Reputation: 61
I have a GeoDataFrame with a column of shapely.polygons. Some of them distinct, some - not:
In [1]: gdf
Out[2]:
geometry
1 POLYGON ((1 1, 1 2, 2 2, 2 1, 1 1))
2 POLYGON ((1 3, 1 4, 2 4, 2 3, 1 3))
3 POLYGON ((1 1, 1 2, 2 2, 2 1, 1 1))
4 POLYGON ((3 1, 3 2, 4 2, 4 1, 3 1))
5 POLYGON ((1 3, 1 4, 2 4, 2 3, 1 3))
I need to find only distinct (non-overlapping) polygons:
In [1]: gdf_distinct
Out[2]:
geometry
1 POLYGON ((1 1, 1 2, 2 2, 2 1, 1 1))
2 POLYGON ((1 3, 1 4, 2 4, 2 3, 1 3))
4 POLYGON ((3 1, 3 2, 4 2, 4 1, 3 1))
As polygons are not hashable, I can not use simple ways in Pandas:
In [1]: gdf_distinct = gdf['geometry'].unique()

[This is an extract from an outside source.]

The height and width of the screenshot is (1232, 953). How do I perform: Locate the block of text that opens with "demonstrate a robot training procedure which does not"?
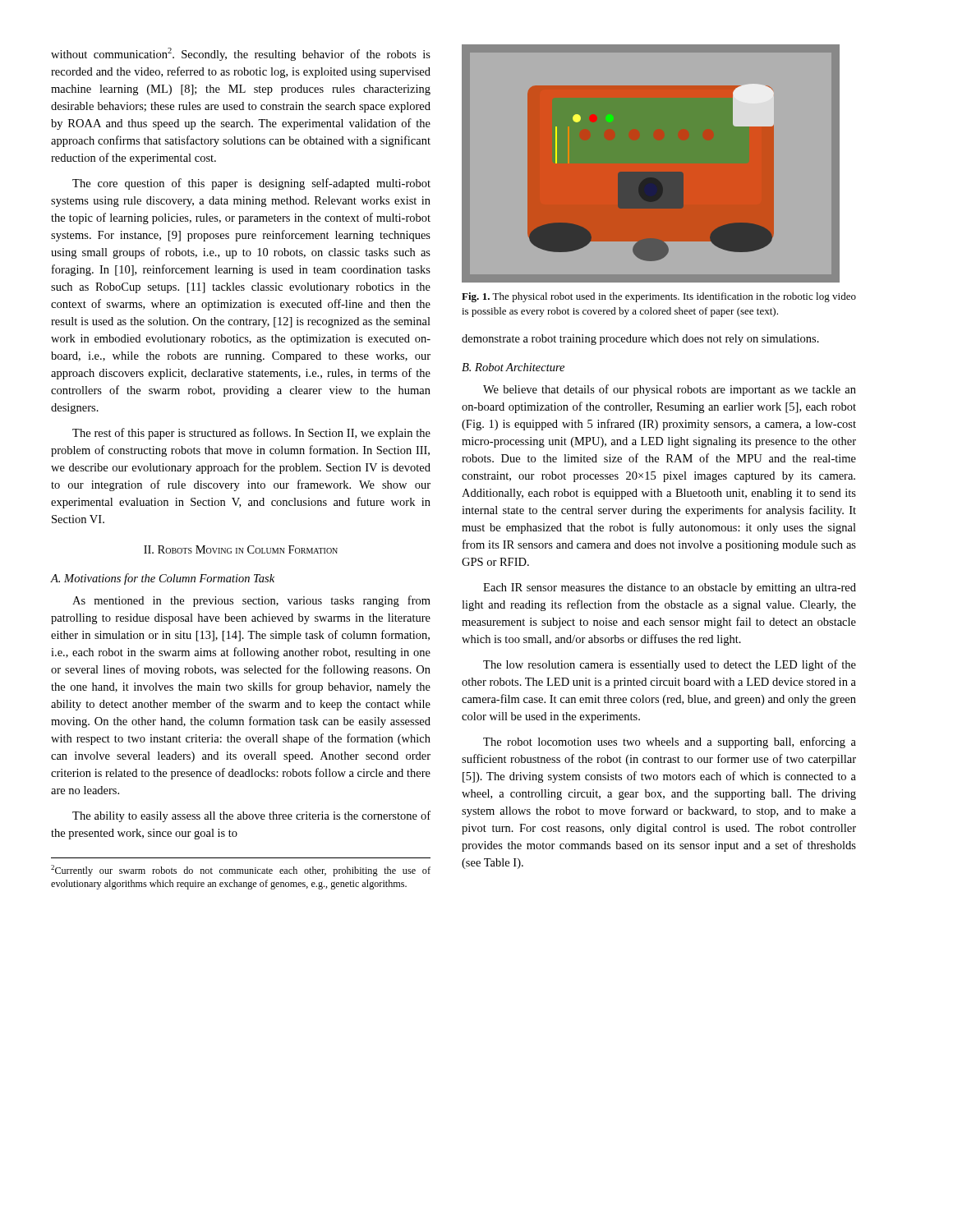click(659, 339)

TypeError: unhashable type: 'Polygon'
Are there any simple and efficient ways to have a new GeoDataFrame with only distinct polygons?
P.S.:
I found one way, but it works only with fully-duplicate polygons and, as I think, not very efficient:
In [1]: m = []
for index, row in gdf.iterrows():]
if row['geometry'] not in m:
m.append(row['geometry'])
gdf_distinct = GeoDataFrame(geometry=m)
Upvotes: 5
Views: 2823
Reputation: 480
Thanks @Paul H for the great answer and @alphabetasoup for the thoughtful comment. My solution builds upon this answer for my use case, which is finding the overlapping polygons.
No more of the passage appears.